Social bookmarking systems have been considered as potentially useful in information search. Systems that currently support tag clouds and pivot-browsing often treat tags as discrete, independent entities. However, user-generated tags are part of a social and mental process in which relationships can be present. For instance, multiple tags may be entered at the same time, or common tags may be suggested prior to a user entering their own. We propose that tags should not be treated functionally as independent. The idea behind our prototype system Tag Trails is to incorporate these tag dependencies and relationships and make them explicit to the user, through techniques such as “cloud history”, “color context”, and “similarity/difference”. These techniques reveal the connections between tags as a user navigates through tag-space.
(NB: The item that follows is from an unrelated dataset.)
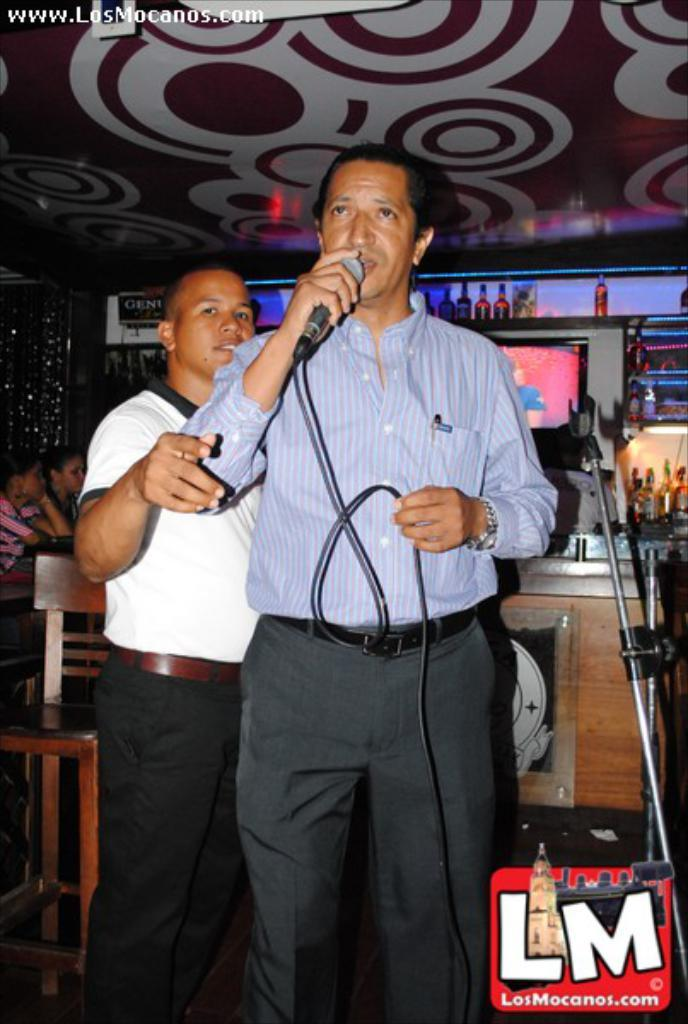How many people are in the image? There are two people in the image. What is one of the people holding? One of the people is holding a microphone. What type of furniture is present in the image? There are chairs and a table in the image. Can you describe any other objects or features in the image? There are other unspecified things in the image. What type of bread is being offered as advice in the image? There is no bread or advice present in the image.

We argue that preserving navigation and exploration history in tag-space is useful to a user and can be implemented in a way that preserves the light-weight character of pivot-navigation, and we propose to improve navigation in systems and websites that utilize tag clouds and pivot-browsing by providing a history of tag space navigation and context. Our prototype demonstrates several techniques that have a potential to aid user in inferring this higher-level information. While our particular combination of techniques and visual construction may be applicable to a specific kind of social tagging system, the ideas can be modified to suit similar user tasks in other systems. In the future, we plan to conduct a user study to determine the usefulness and effectiveness of our techniques on the user's search and navigation process. We also plan to explore alternative visual representations, such as the heat map shown in Figure 2.


Interface Prototypes.

Figure 1.

Tag Trails interface consist of two main areas: the result list on the left and the tag clouds on the right. Tag clouds on the right represent the tag trail. The interface uses “cloud history”, “color context” and “similarity/difference” to show the history and context of user navigation or search process.

Figure 2.

Heatmap that represents top tag co-occurrences for the same tag trail as shown in Figure 1.

Data Set used in the prototypes. In our exploration of preserving and displaying the navigation history, we used data from CiteULike, a social bookmarking web site that is focused on scholarly work. The data was downloaded on July 14th 2008 and loaded to a MySQL database. For the experimental system, only the records from January 1 to July 14 2008 were used. The data was sanitized to reduce the number of tags not useful for navigation (e.g., numbers, words that clearly referred to a particular browser, such as firefox, etc.). Approximately 800,000 records remained. Each record represents a single tagging instance that was submitted by a single user and assigned to a single web resource. For example, if one user tagged a single resource with 10 tags, there would be 10 records entered into the database. The data set contains tags entered by approximately 9,100 unique users and describing 224,000 web resources.